It is necessary to be able to:
•Define incomplete (reduced) penetrance.
•Identify an example of incomplete penetrance in an autosomal dominant pedigree as shown in Figure II-1-13.
•Include penetrance in a simple recurrence risk calculation.
Incomplete Penetrance in Familial Cancer. Retinoblastoma is an autosomal dominant condition caused by an inherited loss-of-function mutation in the Rb tumor suppressor gene. In 10% of individuals who inherit this mutation, there is no additional somatic mutation in the normal copy and retinoblastoma does not develop, although they can pass the mutation to their offspring. Penetrance of retinoblastoma is therefore 90%.
Pleiotropy
Pleiotropy exists when a single disease-causing mutation affects multiple organ systems. Pleiotropy is a common feature of genetic diseases.

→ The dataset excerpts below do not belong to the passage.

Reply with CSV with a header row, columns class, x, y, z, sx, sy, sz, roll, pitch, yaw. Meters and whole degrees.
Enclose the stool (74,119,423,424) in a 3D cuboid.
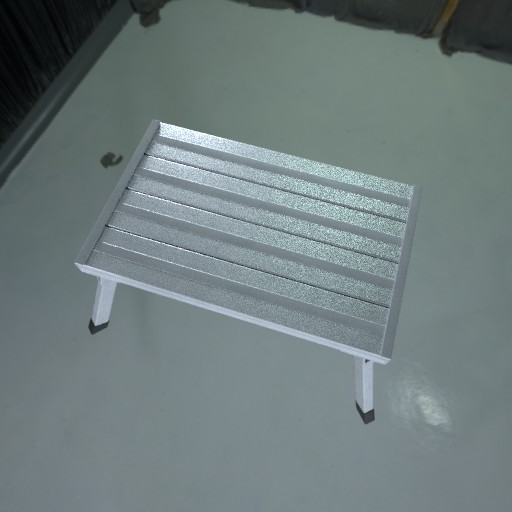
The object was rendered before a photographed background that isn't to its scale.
class,x,y,z,sx,sy,sz,roll,pitch,yaw
stool,0.000,0.000,0.759,0.535,0.225,0.385,16,65,8
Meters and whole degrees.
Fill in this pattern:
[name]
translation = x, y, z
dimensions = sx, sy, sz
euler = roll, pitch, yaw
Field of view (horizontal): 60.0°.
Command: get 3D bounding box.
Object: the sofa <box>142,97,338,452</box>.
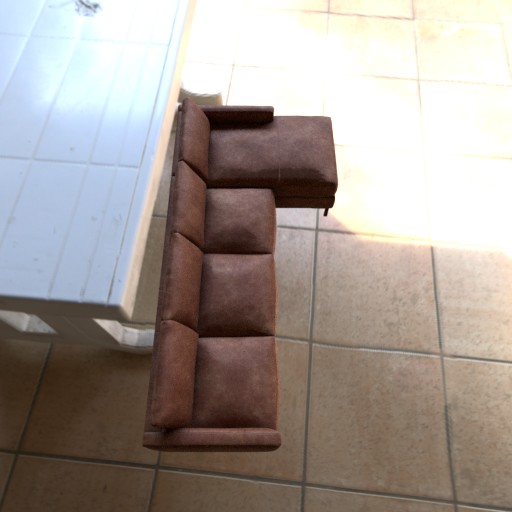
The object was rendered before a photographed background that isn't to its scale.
[sofa]
translation = 0.000, 0.000, 3.698
dimensions = 1.471, 0.859, 2.993
euler = 0, 63, 0
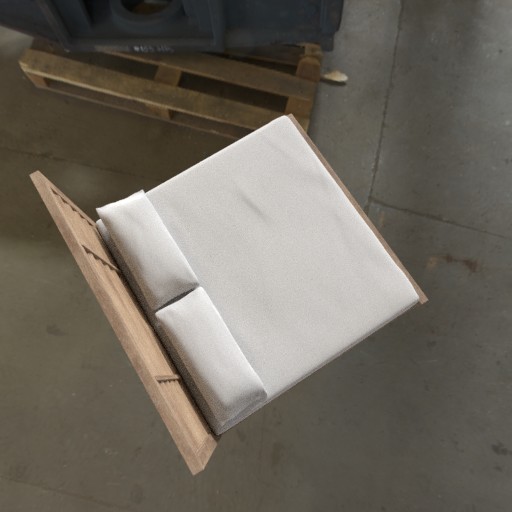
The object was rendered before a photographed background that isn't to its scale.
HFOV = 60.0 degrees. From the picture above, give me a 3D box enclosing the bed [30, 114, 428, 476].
[{"bbox_3d":[0.000,0.000,3.463,2.062,1.626,2.032,-31,78,-8],"label":"bed"}]
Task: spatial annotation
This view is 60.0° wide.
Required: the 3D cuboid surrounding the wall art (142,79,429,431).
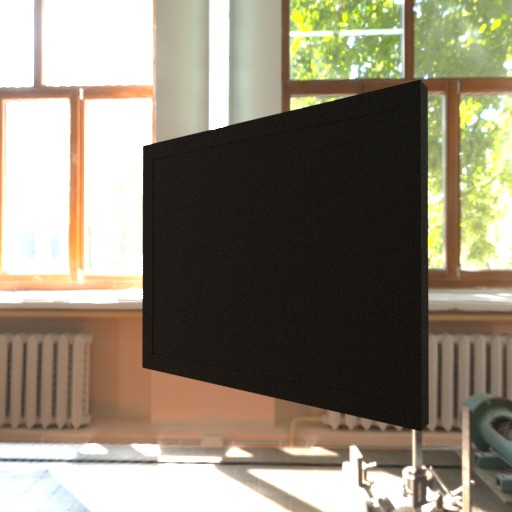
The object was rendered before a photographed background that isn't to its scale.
[{"bbox_3d":[0.000,0.000,0.545,0.404,0.329,0.024,0,-1,37],"label":"wall art"}]
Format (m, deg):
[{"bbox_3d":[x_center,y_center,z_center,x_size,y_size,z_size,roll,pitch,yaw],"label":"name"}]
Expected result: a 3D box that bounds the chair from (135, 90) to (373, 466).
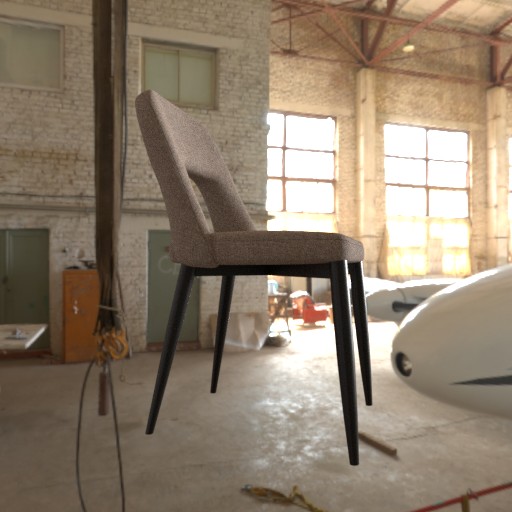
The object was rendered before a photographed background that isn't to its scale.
[{"bbox_3d":[0.000,0.000,1.261,0.612,0.931,0.470,0,-1,19],"label":"chair"}]
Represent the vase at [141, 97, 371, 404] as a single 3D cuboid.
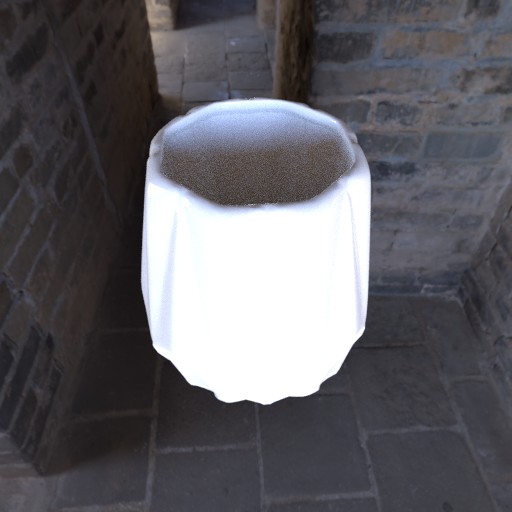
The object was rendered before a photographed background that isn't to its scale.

Pleiotropy in Marfan Syndrome
Marfan syndrome is an autosomal dominant disease that affects approximately 1 in 10,000 individuals. It is characterized by skeletal abnormalities (thin, elongated limbs; pectus excavatum; pectus carinatum), hypermobile joints, ocular abnormalities (frequent myopia and detached lens), and most importantly, cardiovascular disease (mitral valve prolapse and aortic aneurysm). Dilatation of the ascending aorta is seen in 90% of patients and frequently leads to aortic rupture or congestive heart failure. Although the features of this disease seem rather disparate, they are all caused by a mutation in the gene that encodes fibrillin, a key component of connective tissue. Fibrillin is expressed in the periosteum and perichondrium, the suspensory ligament of the eye, and the aorta. Defective fibrillin causes the connective tissue to be “stretchy” and leads to all of the observed disease features. Marfan syndrome thus provides a good example of the principle of pleiotropy.
Locus Heterogeneity
Locus heterogeneity exists when the same disease phenotype can be caused by mutations in different loci. Locus heterogeneity becomes especially important when genetic testing is performed by testing for mutations at specific loci.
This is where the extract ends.